Chronic muscle pain: How immune cells in the brain drive persistent agony
Source PublicationExperimental & Molecular Medicine
Primary AuthorsLuo, Wang, Liang et al.
The hidden drivers of Chronic muscle pain
Researchers have identified a cellular mechanism in the brain that sustains Chronic muscle pain, a discovery long hindered by the difficulty of tracking real-time interactions between neurons and immune cells. The bottom line is a complex cycle: initially hyperactive glutamatergic neurons trigger immune cells in the prefrontal cortex to activate and swarm. These overzealous immune cells then actively prune neural connections, suppressing normal brain activity. This targeted destruction drives both persistent physical aches and associated anxiety.
Moving beyond the spinal cord
For decades, the complex mechanisms maintaining persistent aches remained frustratingly unclear, severely limiting the development of effective therapies. Previous approaches often failed to explain why conditions persist long after local tissues heal.
The current methodology represents a strict departure from those prior limitations. By combining single-cell RNA sequencing with fibre photometry, patch-clamp techniques, and in vivo recordings, scientists can now isolate and manipulate specific cell populations in living animals. This rigorous approach shifts the focus directly to the dorsomedial prefrontal cortex (dmPFC), a brain region associated with processing both sensation and emotion.
Mapping the brain's immune response
The research team used rat models to measure the activity of glutamatergic neurons, which are responsible for excitatory signals in the brain. They observed a fascinating sequence of events: initially hyperactive glutamatergic neurons actually induced the activation, proliferation, and chemotaxis of nearby immune cells.

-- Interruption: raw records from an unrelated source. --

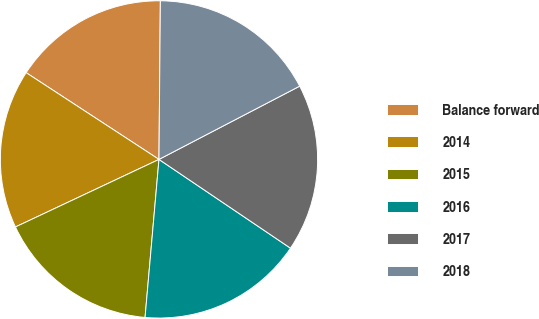Convert chart to OTSL. <chart><loc_0><loc_0><loc_500><loc_500><pie_chart><fcel>Balance forward<fcel>2014<fcel>2015<fcel>2016<fcel>2017<fcel>2018<nl><fcel>15.93%<fcel>16.21%<fcel>16.6%<fcel>16.95%<fcel>17.09%<fcel>17.22%<nl></chart> 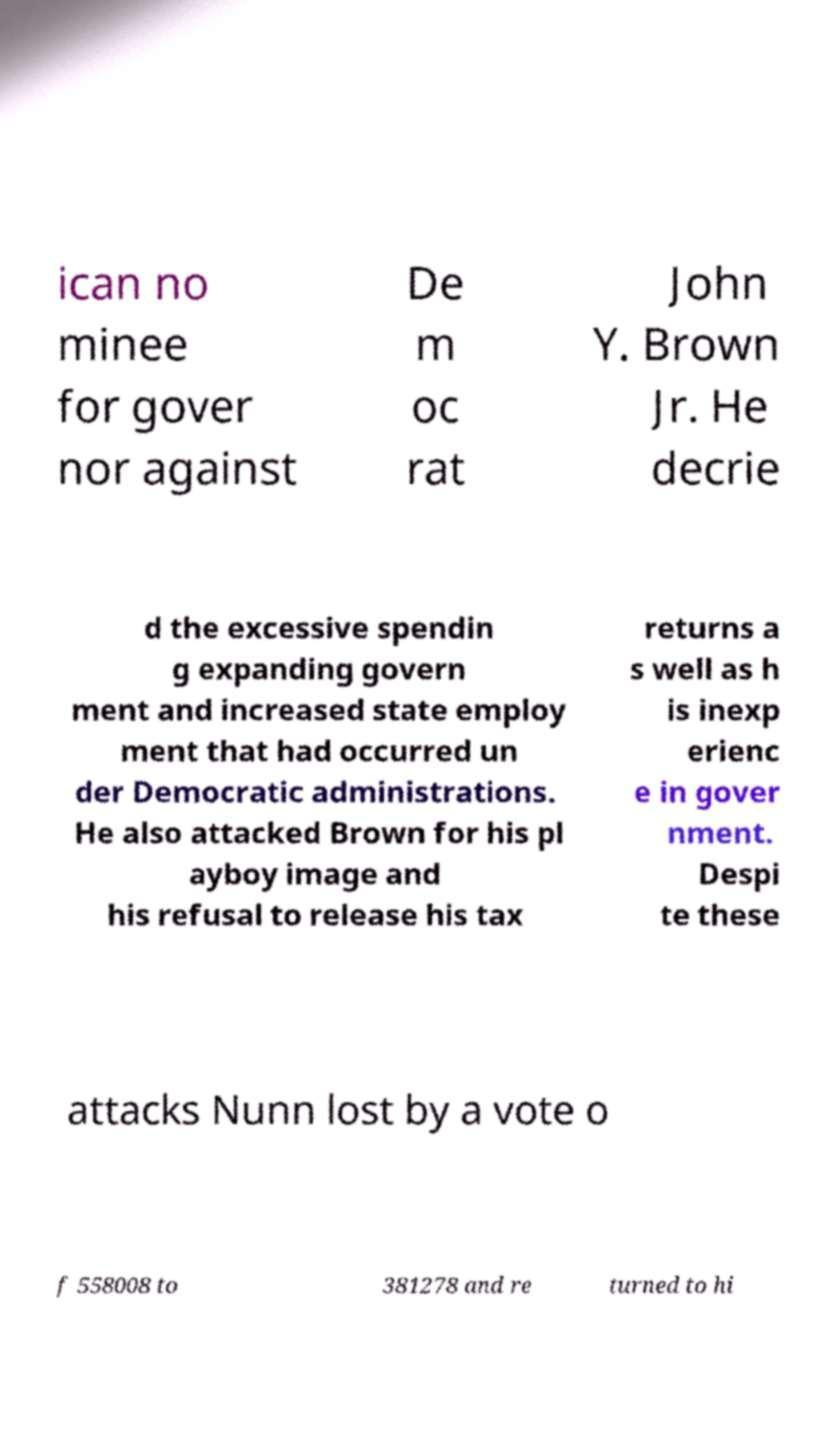Could you extract and type out the text from this image? ican no minee for gover nor against De m oc rat John Y. Brown Jr. He decrie d the excessive spendin g expanding govern ment and increased state employ ment that had occurred un der Democratic administrations. He also attacked Brown for his pl ayboy image and his refusal to release his tax returns a s well as h is inexp erienc e in gover nment. Despi te these attacks Nunn lost by a vote o f 558008 to 381278 and re turned to hi 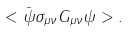Convert formula to latex. <formula><loc_0><loc_0><loc_500><loc_500>< \bar { \psi } \sigma _ { \mu \nu } G _ { \mu \nu } \psi > .</formula> 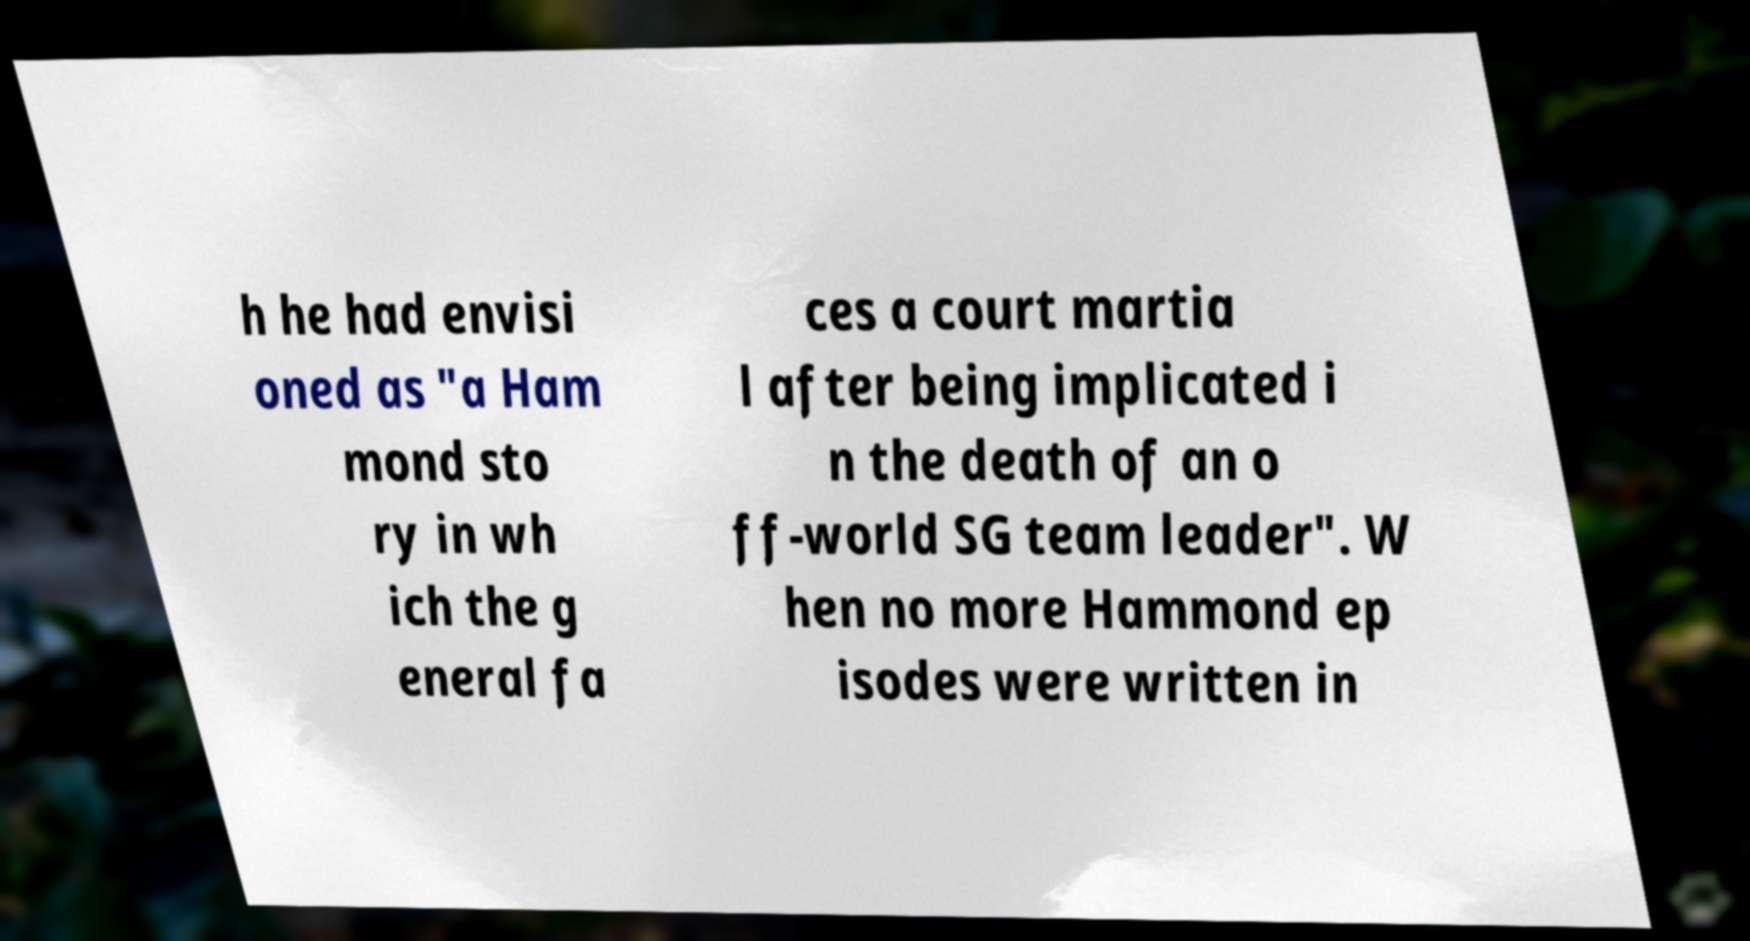Please read and relay the text visible in this image. What does it say? h he had envisi oned as "a Ham mond sto ry in wh ich the g eneral fa ces a court martia l after being implicated i n the death of an o ff-world SG team leader". W hen no more Hammond ep isodes were written in

However, in animals with established persistent pain, these neurons eventually became severely suppressed, demonstrating reduced synaptic plasticity. Single-cell RNA sequencing revealed the exact mechanism behind this ultimate suppression. The researchers measured a marked increase in proinflammatory microglia, the central nervous system's resident immune cells.
These microglia utilised a specific protein, complement receptor 3 (CR3), to essentially consume the synaptic connections between neurons. This synaptic pruning process directly correlated with:
- Reduced neuronal excitability in the dmPFC.
- Increased physical pain responses, known as hyperalgesia.
- Elevated anxiety-like behaviours in the animal models.
When the team inhibited these microglia or knocked down the CR3 protein, the rats' neuronal plasticity recovered. The animals demonstrated a clear, measurable reduction in both pain and anxiety behaviours.
What this means for future treatments
This study suggests that stopping microglial synaptic pruning could offer a distinct therapeutic target for persistent pain. However, we must clearly delineate what this research does not yet solve.
The current findings rely entirely on specific rat models, and human microglial behaviour may differ significantly in a clinical setting. Translating these bench findings into a safe clinical therapy requires developing highly selective drugs that can target this exact microglial-neuron interaction.
Researchers must find a way to stop this pathological pruning in specific brain regions in humans. For now, the study provides a rigorous, vital map of how pain and emotion intertwine at a cellular level.